The NoC master unit (NMU) is the ingress point to the NoC. The NMU provides:
- Asynchronous clock domain crossing and rate matching between the AXI master and the NoC.
- Conversion from/to AXI protocol to NoC Packet Protocol (NPP).
- Address matching and route control.
- WRAP burst support for 32, 64, and 128-bit interfaces.
- INCR and FIXED burst support.
- Read re-tagging to allow out of order service and prevent interconnect blocking.
- Write order enforcement.
- Ingress QoS control.
- Handling of the AXI exclusive access feature.
- Support for configurable data width from 32 to 512-bit on AXI interfaces and 128 to 512-bit on AXI4-Stream interfaces. Parameter propagation from the connected IP sets the AXI data width.
- AXI4 and AXI4-Stream support.
- Acceptance of up to 64 AXI reads and 64 AXI writes.
- The maximum size of an NPP write is 256 bytes. An AXI write that is more than 256 bytes can span multiple NPP writes.

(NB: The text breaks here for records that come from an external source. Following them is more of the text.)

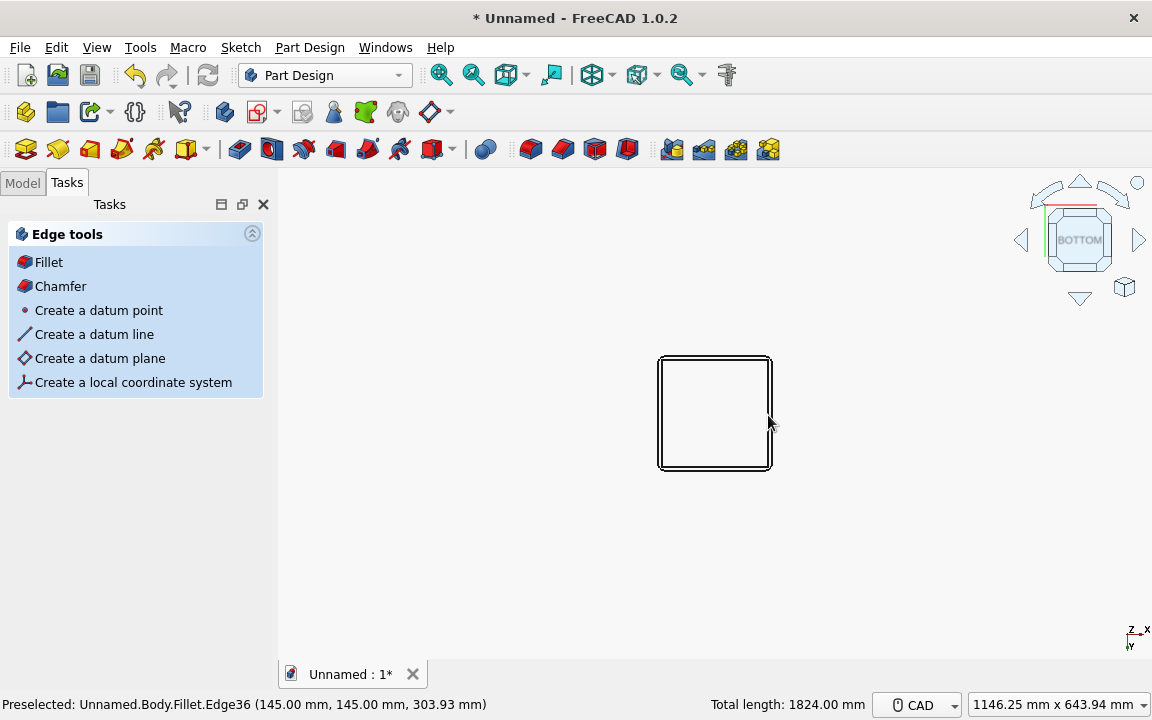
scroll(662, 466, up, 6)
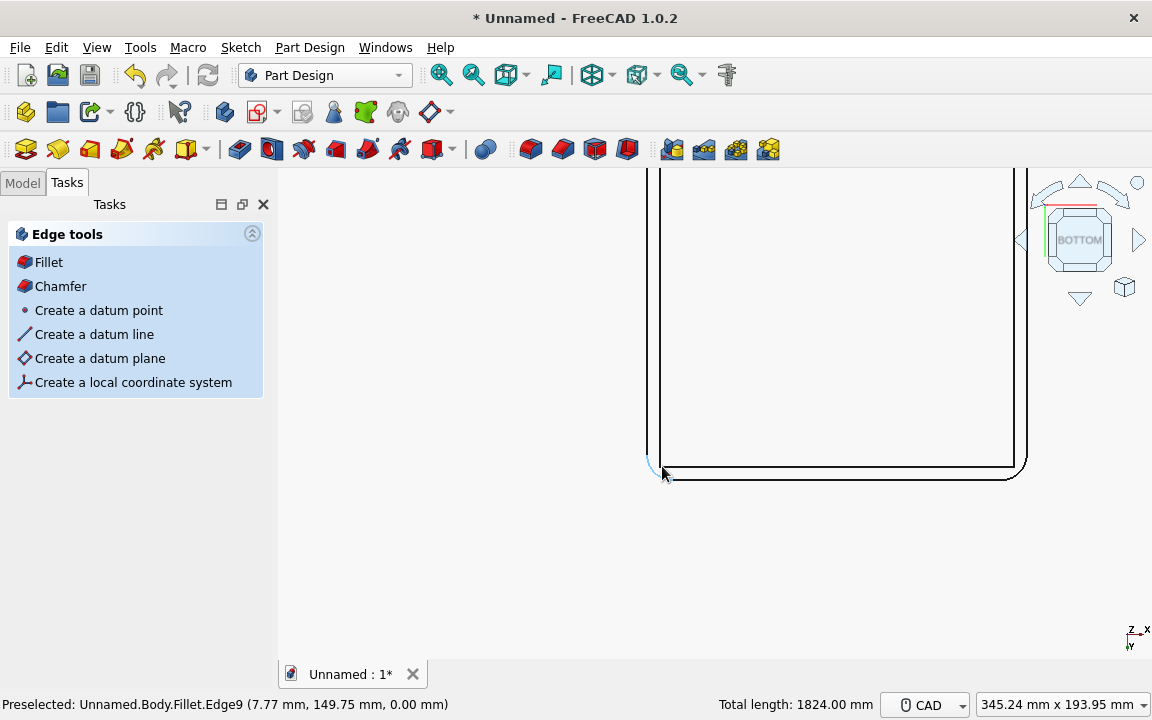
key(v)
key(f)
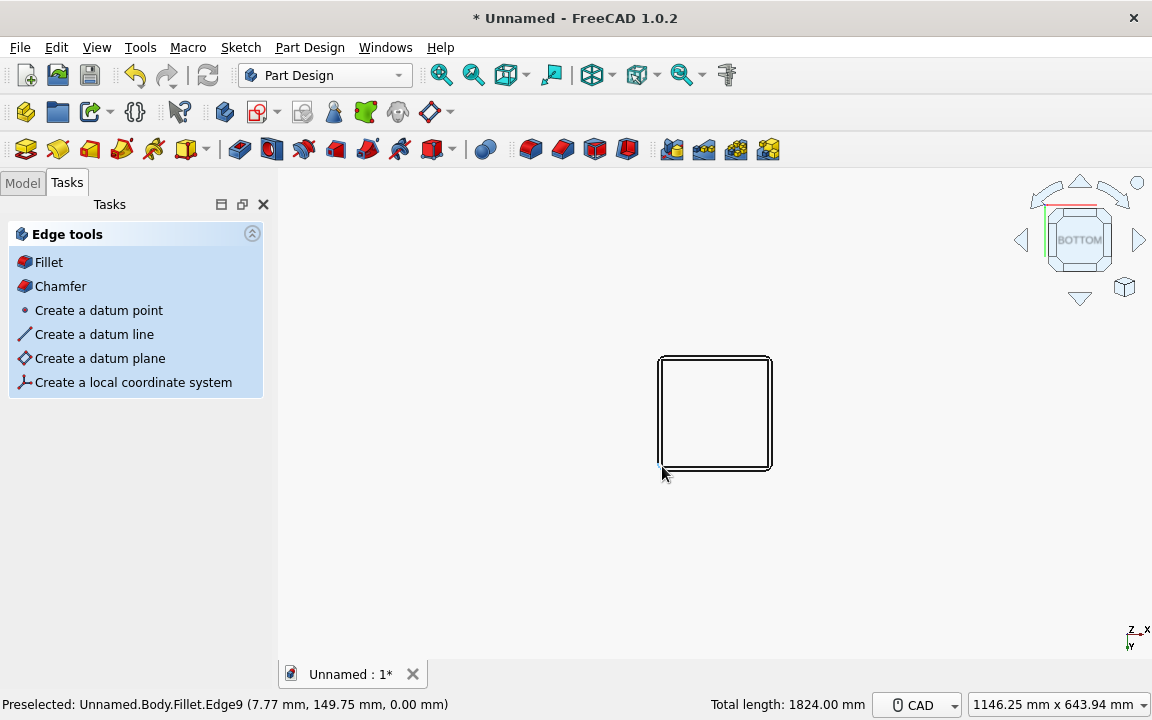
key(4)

- Support for up to 64 outstanding NPP reads of 32 bytes each. The read re-order buffer (RROB) holds 64 32-byte entries. An AXI read that is more than 32 bytes consumes multiple entries. The RROB in HBM_NMU holds 64 64-byte entries.
- 512B write buffer
- DDR controller interleaving support at 128B – 4 KB interleave granularity.
- Each NMU can access a maximum of seven DDR controllers, or eight if you enable Controller Interleaving.
- Programmable virtual channel mapping.
- The NMU is available in two variants:
- Full functionality
- All the above specifications apply, the NMU is used on the programmable logic.
- Latency-optimized
- Fixed 128-bit wide AXI interface and all transactions
are address route based.Note: Integrated blocks (CIPS and AI Engine) use latency-optimized NMU/NSU blocks while the PL uses full functionality blocks.
The NMU resides on the transaction initiator side of the system. It includes a standard AXI4 interface with optional sideband signals that provide additional addressing and routing controls. The previous figure shows an asynchronous data-crossing block and a rate-matching block. These blocks form the interface between the NoC and the application (AXI) side of the master unit. The Rate Matching buffers write data from the slow application domain until there is enough payload to prevent write bubbles.
Data packetizing occurs when AXI requests enter the NMU clock domain. The packetizing process breaks read and write transactions into smaller transfers (this process is called chopping). Chopping always occurs on chop-size aligned boundaries. Two parameters affect chopping: chop size (fixed at 256 bytes), and memory interleave size (when two DDR controllers interleave). Channel Interleaving in a memory controller does not affect chopping.
If memory interleave granularity is smaller than 256 bytes, packetizing chops reads and writes into transfers equal to the interleave granularity. Non-interleaved transactions, or transactions with interleave granularity greater than or equal to 256 bytes are chopped into 256-byte transfers. The chopped transactions are 256B address aligned - not 256 byte chunks.
For example, a 1K transfer starting at 0x0 comprises four transactions with the following chops: 0-255, 256-511, 512-767, 768-1023. However, a 1K transaction starting at 128 is split as five transactions: 128-255, 256-511, 512-767, 768-1023, and 1024-1151. This is to align with the 256B address boundary rule. Each chopped transaction divides into NoC packets called "flits." Each flit can carry up to 16 bytes of data in addition to various header information.
In parallel with the packetizing process, address lookup determines the destination ID.
In read processes, the system re-tags each read packet and assigns an ordering ID based on available slots in the Read Reorder Buffer (RROB). The RROB maintains a linked list of per-AXI-ID assigned tags. This ensures responses return in the correct order.
The final stage, before injecting a packet into the NoC switch fabric, is to perform access QoS control.
Read responses are placed in the RROB. In accordance with AXI ordering rules, logic at the output of the buffer selects read responses to return to the requesting AXI master. This logic relies on the linked list structure from the request path to determine the correct response ordering.